Only the stretch below from the line holding "car (159,198,175,209), please?" through the line holding "2) car from (0, 295) to (307, 383)" should be restated, word for word and with both ends included; pictures stay out.

━━ ENTRIES PROVIDED

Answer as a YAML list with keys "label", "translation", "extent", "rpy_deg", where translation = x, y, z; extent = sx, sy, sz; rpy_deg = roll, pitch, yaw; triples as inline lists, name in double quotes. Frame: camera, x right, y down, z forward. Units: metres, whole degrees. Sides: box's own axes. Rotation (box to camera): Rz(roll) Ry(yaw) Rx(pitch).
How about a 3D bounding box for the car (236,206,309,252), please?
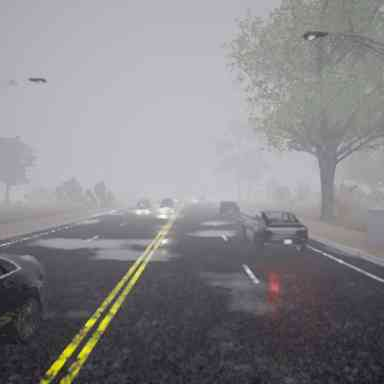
- label: "car"
  translation: [3.350, 1.528, 14.020]
  extent: [2.128, 1.511, 4.902]
  rpy_deg: [0, 0, 0]

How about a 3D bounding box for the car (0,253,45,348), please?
- label: "car"
  translation: [-3.351, 1.501, 3.606]
  extent: [2.128, 1.511, 4.902]
  rpy_deg: [0, 0, 0]

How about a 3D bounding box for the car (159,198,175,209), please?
- label: "car"
  translation: [-3.408, 1.608, 46.492]
  extent: [1.837, 1.490, 4.892]
  rpy_deg: [0, -1, 0]

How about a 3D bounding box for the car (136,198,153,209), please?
- label: "car"
  translation: [-6.659, 1.595, 46.751]
  extent: [2.128, 1.511, 4.902]
  rpy_deg: [0, 0, 0]

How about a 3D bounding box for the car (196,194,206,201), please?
- label: "car"
  translation: [2.772, 1.649, 87.417]
  extent: [1.837, 1.490, 4.892]
  rpy_deg: [0, 0, -1]

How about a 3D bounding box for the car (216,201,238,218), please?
- label: "car"
  translation: [3.329, 1.552, 31.477]
  extent: [1.882, 1.535, 5.008]
  rpy_deg: [0, 0, 0]
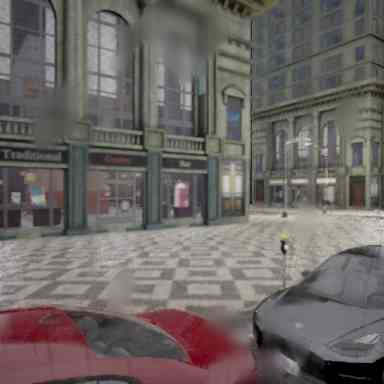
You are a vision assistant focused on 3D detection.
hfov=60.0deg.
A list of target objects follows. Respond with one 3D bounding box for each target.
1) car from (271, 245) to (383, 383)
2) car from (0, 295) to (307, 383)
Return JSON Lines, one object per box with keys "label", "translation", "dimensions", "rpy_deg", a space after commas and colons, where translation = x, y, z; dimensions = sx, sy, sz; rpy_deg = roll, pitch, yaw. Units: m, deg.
{"label": "car", "translation": [2.846, 1.556, 4.974], "dimensions": [4.313, 1.339, 1.947], "rpy_deg": [0, 0, -35]}
{"label": "car", "translation": [-1.580, 1.529, 1.858], "dimensions": [4.507, 1.381, 1.887], "rpy_deg": [0, 0, -35]}
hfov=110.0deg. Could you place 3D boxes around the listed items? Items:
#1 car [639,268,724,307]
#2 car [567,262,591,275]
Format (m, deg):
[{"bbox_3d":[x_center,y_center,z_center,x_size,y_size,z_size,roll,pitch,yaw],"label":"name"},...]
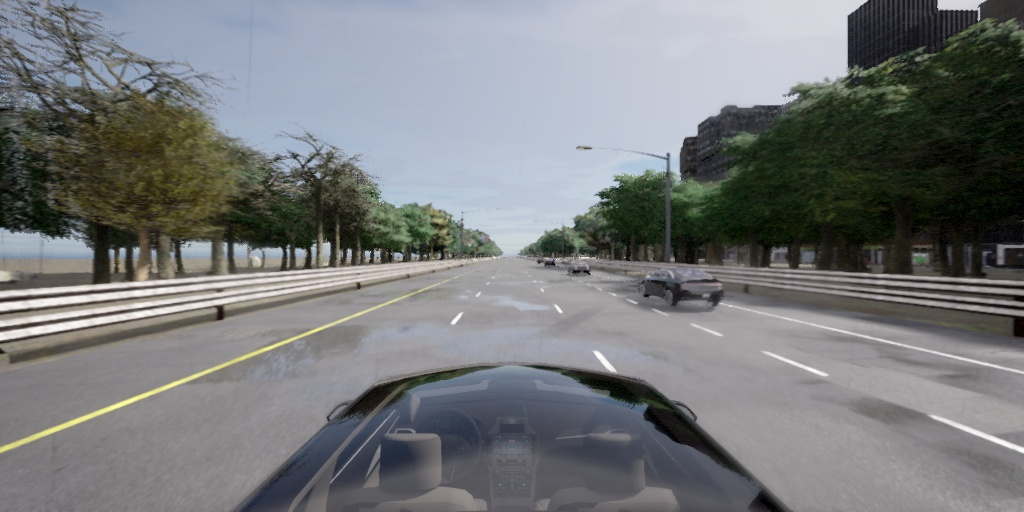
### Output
[{"bbox_3d":[7.003,1.240,15.359,2.128,1.511,4.902,0,0,0],"label":"car"},{"bbox_3d":[7.042,1.343,38.364,1.895,1.301,4.718,0,0,0],"label":"car"}]
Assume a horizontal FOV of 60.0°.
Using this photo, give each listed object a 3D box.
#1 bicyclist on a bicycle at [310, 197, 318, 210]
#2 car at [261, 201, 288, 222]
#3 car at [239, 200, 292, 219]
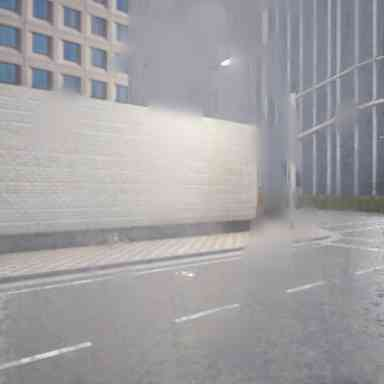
[{"bbox_3d":[15.285,1.486,41.559,1.656,1.620,0.582,0,0,-36],"label":"bicyclist on a bicycle"},{"bbox_3d":[5.687,1.608,28.374,1.882,1.535,5.008,0,0,-36],"label":"car"},{"bbox_3d":[7.065,1.634,32.460,2.128,1.511,4.902,0,0,-36],"label":"car"}]
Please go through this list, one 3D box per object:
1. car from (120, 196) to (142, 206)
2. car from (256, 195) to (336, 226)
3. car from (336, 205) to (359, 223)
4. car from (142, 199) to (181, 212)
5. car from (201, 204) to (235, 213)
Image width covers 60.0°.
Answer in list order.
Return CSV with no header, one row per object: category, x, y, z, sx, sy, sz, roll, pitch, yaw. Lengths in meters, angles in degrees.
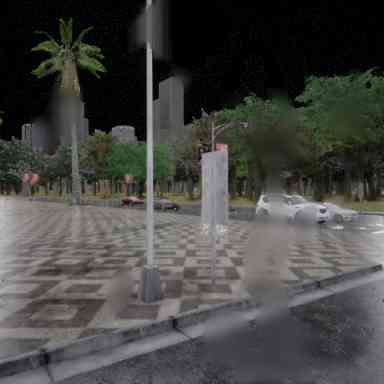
car,-9.689,1.429,53.065,1.882,1.535,5.008,0,0,-38
car,7.202,1.233,24.374,2.150,2.045,5.566,0,0,-35
car,10.318,1.522,25.585,1.812,1.442,4.674,0,0,-34
car,-3.444,1.540,39.314,2.033,1.411,5.357,0,0,-36
car,2.784,1.546,36.215,1.994,1.385,4.181,0,0,-36

━━━━

TASK RESPONSE ->
How about a 3D bounding box for the car (159,198,175,209), please?
- label: "car"
  translation: [-3.408, 1.608, 46.492]
  extent: [1.837, 1.490, 4.892]
  rpy_deg: [0, -1, 0]

How about a 3D bounding box for the car (136,198,153,209), please?
- label: "car"
  translation: [-6.659, 1.595, 46.751]
  extent: [2.128, 1.511, 4.902]
  rpy_deg: [0, 0, 0]

How about a 3D bounding box for the car (196,194,206,201), please?
- label: "car"
  translation: [2.772, 1.649, 87.417]
  extent: [1.837, 1.490, 4.892]
  rpy_deg: [0, 0, -1]

How about a 3D bounding box for the car (216,201,238,218), please?
- label: "car"
  translation: [3.329, 1.552, 31.477]
  extent: [1.882, 1.535, 5.008]
  rpy_deg: [0, 0, 0]
You are a vision assistant focused on 3D detection.
hfov=60.0deg.
A list of target objects follows. Respond with one 3D bounding box for each target.
1) car from (271, 245) to (383, 383)
2) car from (0, 295) to (307, 383)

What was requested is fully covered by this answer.